Go through the listing and pick out each line with the word "boeken" in it.

BEGIN

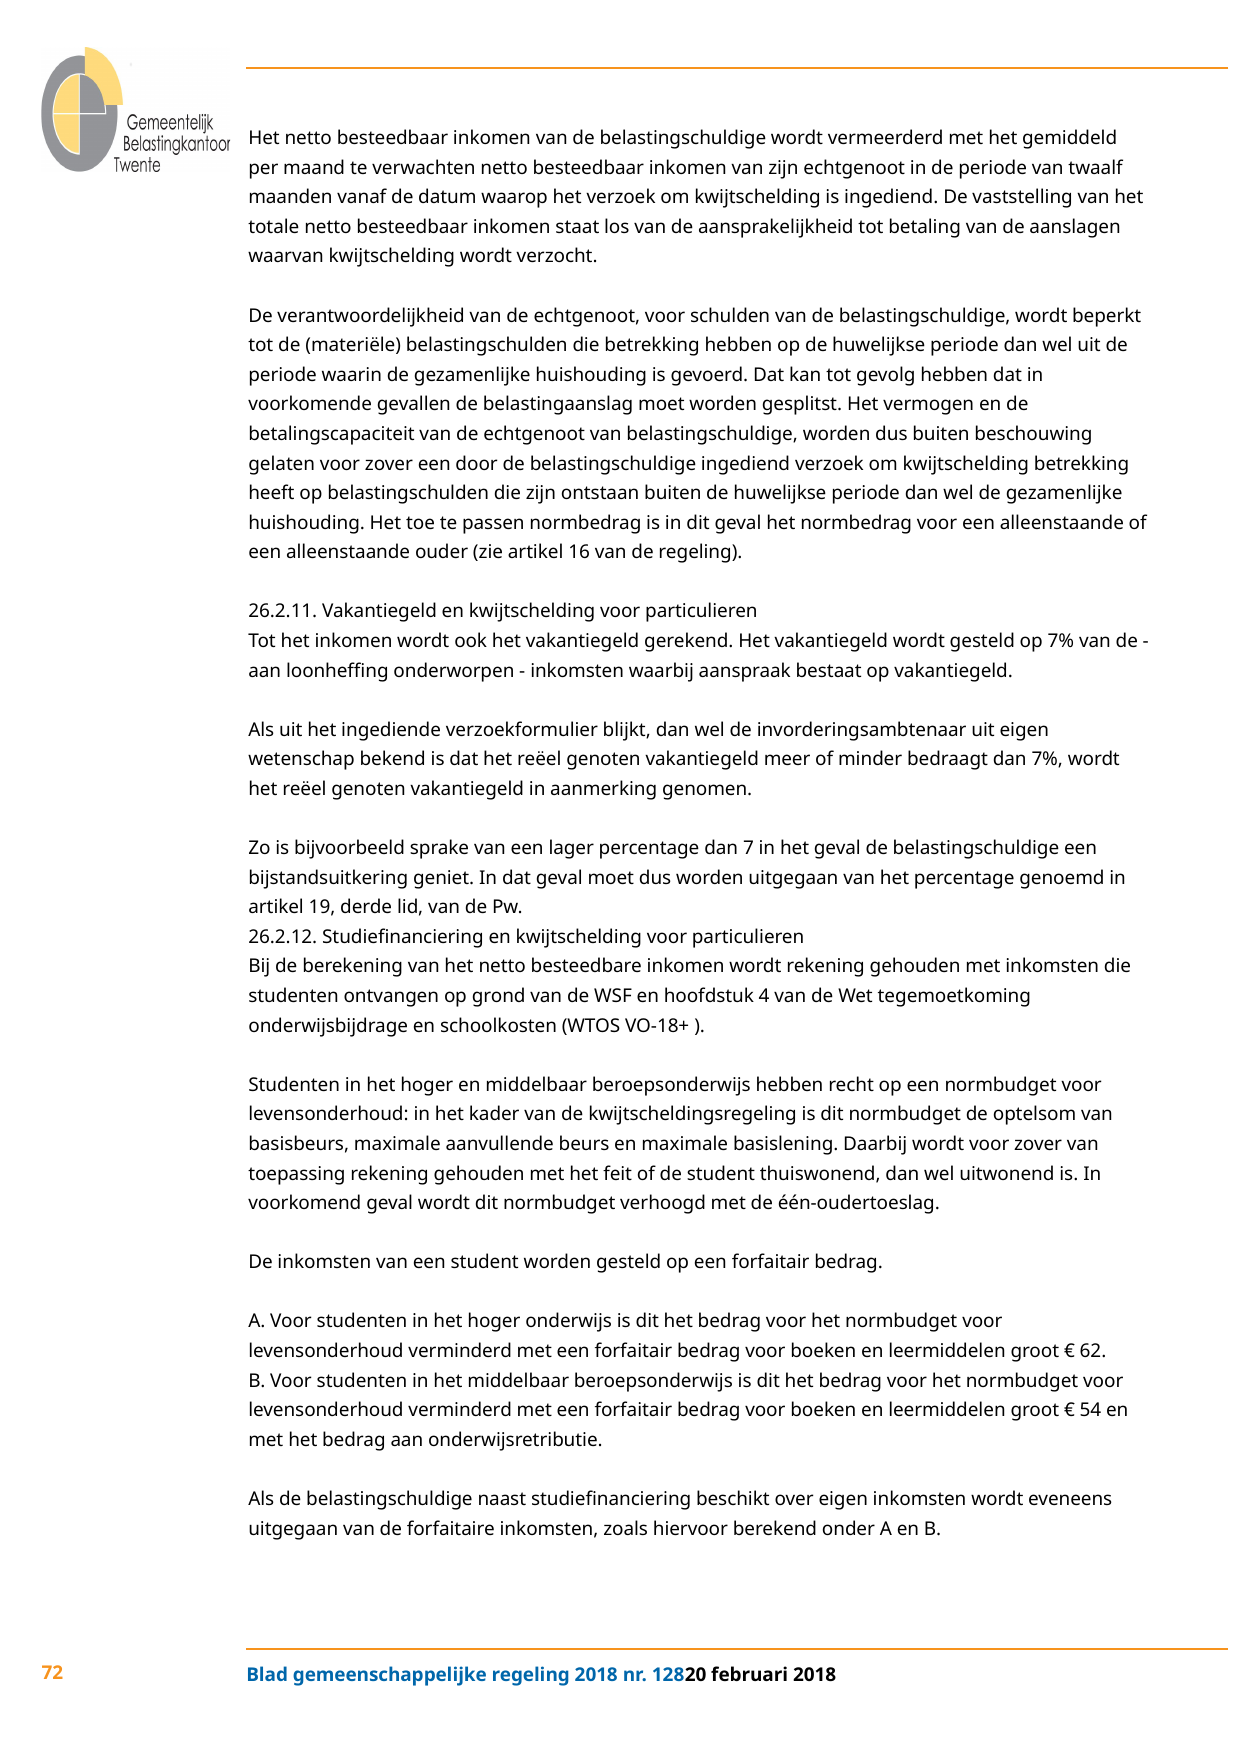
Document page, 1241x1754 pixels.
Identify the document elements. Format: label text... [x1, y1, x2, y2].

text Bij de berekening van het netto besteedbare inkomen wordt rekening gehouden met inkomsten die studenten ontvangen op grond van de WSF en hoofdstuk 4 van de Wet tegemoetkoming onderwijsbijdrage en schoolkosten (WTOS VO-18+ ). [248, 953, 1152, 1038]
text Tot het inkomen wordt ook het vakantiegeld gerekend. Het vakantiegeld wordt gesteld op 7% van de - aan loonheffing onderworpen - inkomsten waarbij aanspraak bestaat op vakantiegeld. [248, 627, 1152, 683]
text Studenten in het hoger en middelbaar beroepsonderwijs hebben recht op een normbudget voor levensonderhoud: in het kader van de kwijtscheldingsregeling is dit normbudget de optelsom van basisbeurs, maximale aanvullende beurs en maximale basislening. Daarbij wordt voor zover van toepassing rekening gehouden met het feit of de student thuiswonend, dan wel uitwonend is. In voorkomend geval wordt dit normbudget verhoogd met de één-oudertoeslag. [248, 1071, 1152, 1215]
text Als de belastingschuldige naast studiefinanciering beschikt over eigen inkomsten wordt eveneens uitgegaan van de forfaitaire inkomsten, zoals hiervoor berekend onder A en B. [248, 1485, 1152, 1541]
text 26.2.12. Studiefinanciering en kwijtschelding voor particulieren [248, 923, 1152, 949]
text A. Voor studenten in het hoger onderwijs is dit het bedrag voor het normbudget voor levensonderhoud verminderd met een forfaitair bedrag voor boeken en leermiddelen groot € 62. [248, 1308, 1152, 1363]
picture [41, 47, 231, 172]
text B. Voor studenten in het middelbaar beroepsonderwijs is dit het bedrag voor het normbudget voor levensonderhoud verminderd met een forfaitair bedrag voor boeken en leermiddelen groot € 54 en met het bedrag aan onderwijsretributie. [248, 1367, 1152, 1452]
text 26.2.11. Vakantiegeld en kwijtschelding voor particulieren [248, 598, 1152, 623]
text Als uit het ingediende verzoekformulier blijkt, dan wel de invorderingsambtenaar uit eigen wetenschap bekend is dat het reëel genoten vakantiegeld meer of minder bedraagt dan 7%, wordt het reëel genoten vakantiegeld in aanmerking genomen. [248, 716, 1152, 801]
text De inkomsten van een student worden gesteld op een forfaitair bedrag. [248, 1248, 1152, 1274]
text Zo is bijvoorbeeld sprake van een lager percentage dan 7 in het geval de belastingschuldige een bijstandsuitkering geniet. In dat geval moet dus worden uitgegaan van het percentage genoemd in artikel 19, derde lid, van de Pw. [248, 834, 1152, 919]
text De verantwoordelijkheid van de echtgenoot, voor schulden van de belastingschuldige, wordt beperkt tot de (materiële) belastingschulden die betrekking hebben op de huwelijkse periode dan wel uit de periode waarin de gezamenlijke huishouding is gevoerd. Dat kan tot gevolg hebben dat in voorkomende gevallen de belastingaanslag moet worden gesplitst. Het vermogen en de betalingscapaciteit van de echtgenoot van belastingschuldige, worden dus buiten beschouwing gelaten voor zover een door de belastingschuldige ingediend verzoek om kwijtschelding betrekking heeft op belastingschulden die zijn ontstaan buiten de huwelijkse periode dan wel de gezamenlijke huishouding. Het toe te passen normbedrag is in dit geval het normbedrag voor een alleenstaande of een alleenstaande ouder (zie artikel 16 van de regeling). [248, 302, 1152, 564]
text Het netto besteedbaar inkomen van de belastingschuldige wordt vermeerderd met het gemiddeld per maand te verwachten netto besteedbaar inkomen van zijn echtgenoot in de periode van twaalf maanden vanaf de datum waarop het verzoek om kwijtschelding is ingediend. De vaststelling van het totale netto besteedbaar inkomen staat los van de aansprakelijkheid tot betaling van de aanslagen waarvan kwijtschelding wordt verzocht. [248, 124, 1152, 268]
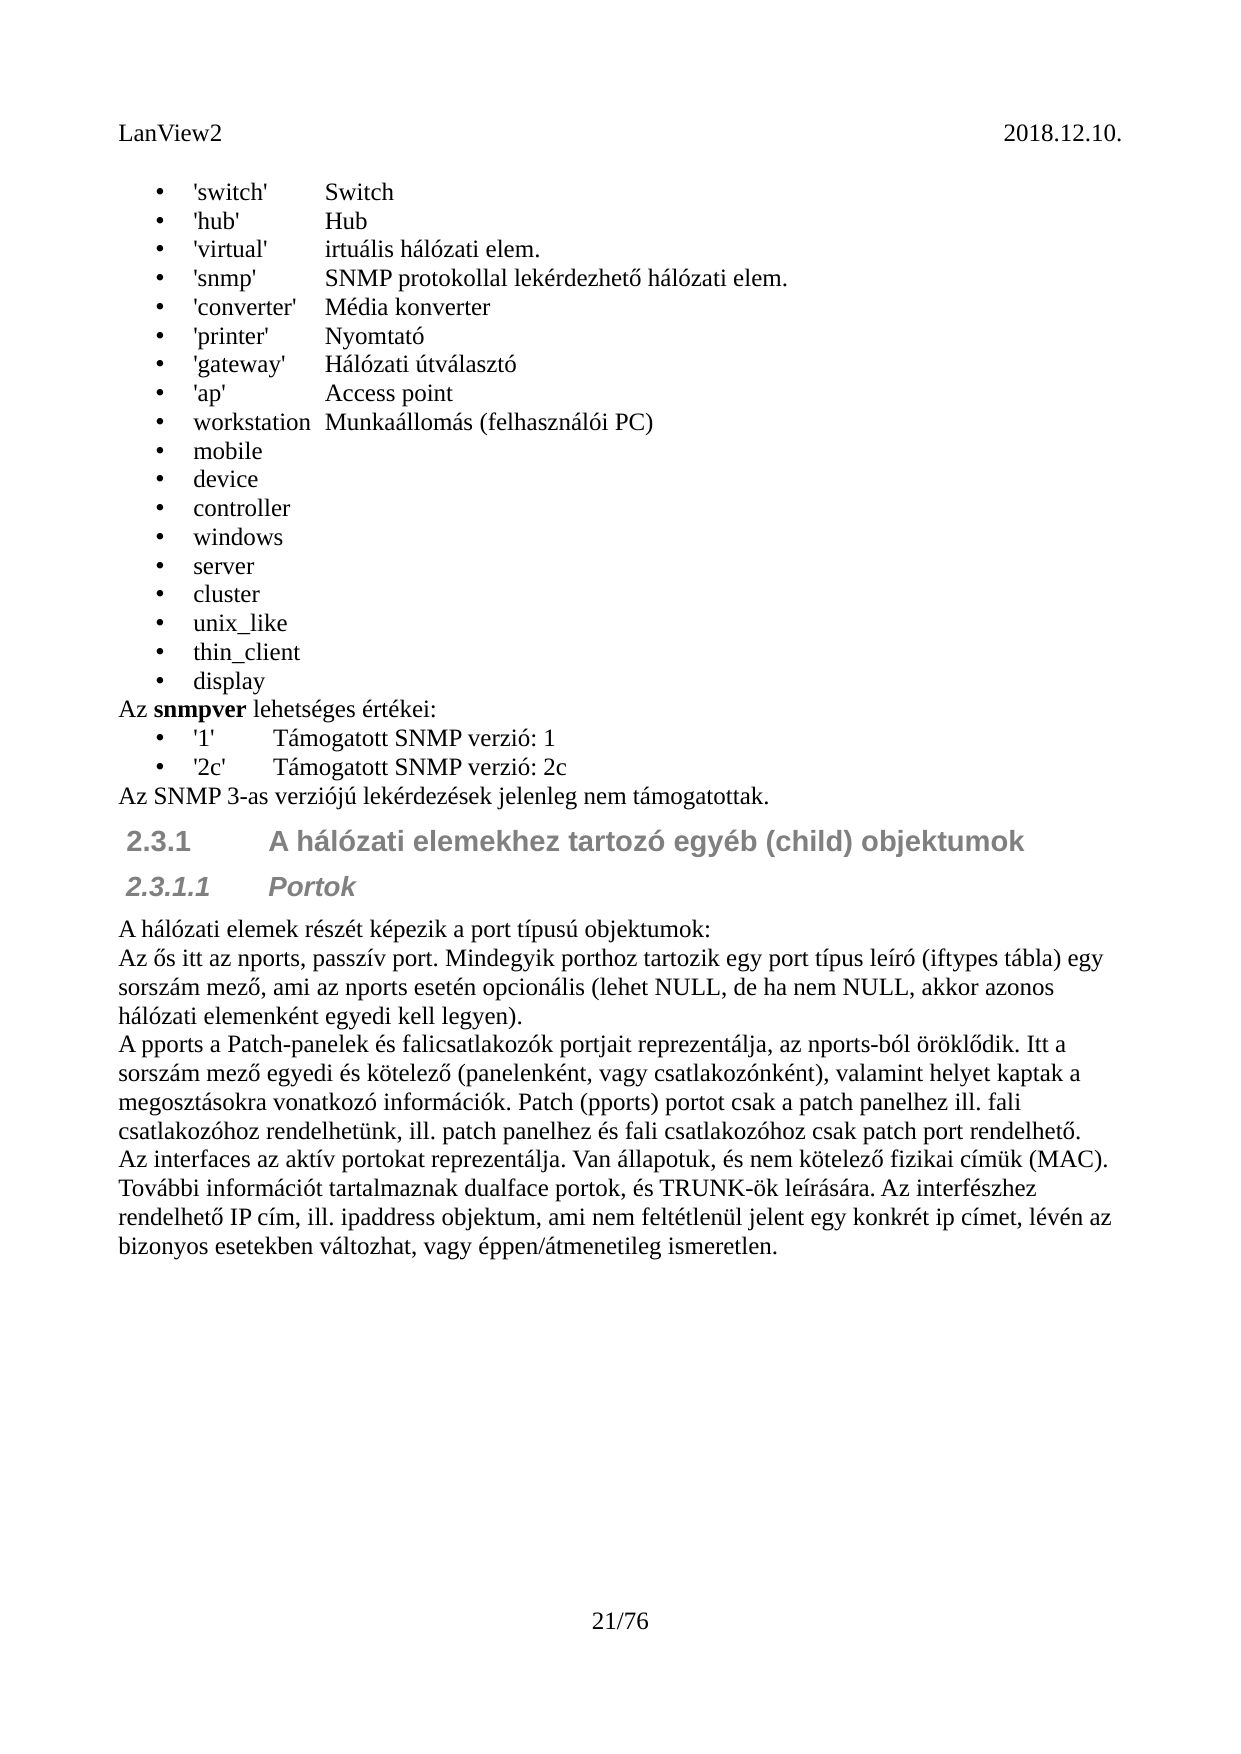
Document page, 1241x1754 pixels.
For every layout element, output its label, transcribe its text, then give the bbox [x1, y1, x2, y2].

subtitle A hálózati elemekhez tartozó egyéb (child) objektumok [118, 824, 1122, 858]
list 'ap' Access point [156, 378, 1122, 407]
list device [156, 464, 1122, 493]
list 'snmp' SNMP protokollal lekérdezhető hálózati elem. [156, 263, 1122, 292]
list display [156, 666, 1122, 694]
list 'virtual' irtuális hálózati elem. [156, 234, 1122, 263]
list controller [156, 493, 1122, 522]
list 'converter' Média konverter [156, 292, 1122, 321]
list cluster [156, 579, 1122, 608]
list 'hub' Hub [156, 206, 1122, 234]
text Az snmpver lehetséges értékei: [118, 694, 1122, 723]
text Az SNMP 3-as verziójú lekérdezések jelenleg nem támogatottak. [118, 781, 1122, 809]
list mobile [156, 436, 1122, 464]
text A hálózati elemek részét képezik a port típusú objektumok: [118, 914, 1122, 943]
list 'gateway' Hálózati útválasztó [156, 349, 1122, 378]
subtitle Portok [118, 870, 1122, 902]
list '1' Támogatott SNMP verzió: 1 [156, 723, 1122, 752]
text A pports a Patch-panelek és falicsatlakozók portjait reprezentálja, az nports-ból öröklődik. Itt a sorszám mező egyedi és kötelező (panelenként, vagy csatlakozónként), valamint helyet kaptak a megosztásokra vonatkozó információk. Patch (pports) portot csak a patch panelhez ill. fali csatlakozóhoz rendelhetünk, ill. patch panelhez és fali csatlakozóhoz csak patch port rendelhető. [118, 1029, 1122, 1144]
list unix_like [156, 608, 1122, 637]
text Az ős itt az nports, passzív port. Mindegyik porthoz tartozik egy port típus leíró (iftypes tábla) egy sorszám mező, ami az nports esetén opcionális (lehet NULL, de ha nem NULL, akkor azonos hálózati elemenként egyedi kell legyen). [118, 943, 1122, 1029]
list server [156, 551, 1122, 579]
list workstation Munkaállomás (felhasználói PC) [156, 407, 1122, 436]
list 'switch' Switch [156, 177, 1122, 206]
text Az interfaces az aktív portokat reprezentálja. Van állapotuk, és nem kötelező fizikai címük (MAC). További információt tartalmaznak dualface portok, és TRUNK-ök leírására. Az interfészhez rendelhető IP cím, ill. ipaddress objektum, ami nem feltétlenül jelent egy konkrét ip címet, lévén az bizonyos esetekben változhat, vagy éppen/átmenetileg ismeretlen. [118, 1144, 1122, 1259]
list '2c' Támogatott SNMP verzió: 2c [156, 752, 1122, 781]
list windows [156, 522, 1122, 551]
list thin_client [156, 637, 1122, 666]
list 'printer' Nyomtató [156, 321, 1122, 349]

END

• ANSWER AREA:
text A. Voor studenten in het hoger onderwijs is dit het bedrag voor het normbudget voor levensonderhoud verminderd met een forfaitair bedrag voor boeken en leermiddelen groot € 62. [248, 1308, 1152, 1363]
text B. Voor studenten in het middelbaar beroepsonderwijs is dit het bedrag voor het normbudget voor levensonderhoud verminderd met een forfaitair bedrag voor boeken en leermiddelen groot € 54 en met het bedrag aan onderwijsretributie. [248, 1367, 1152, 1452]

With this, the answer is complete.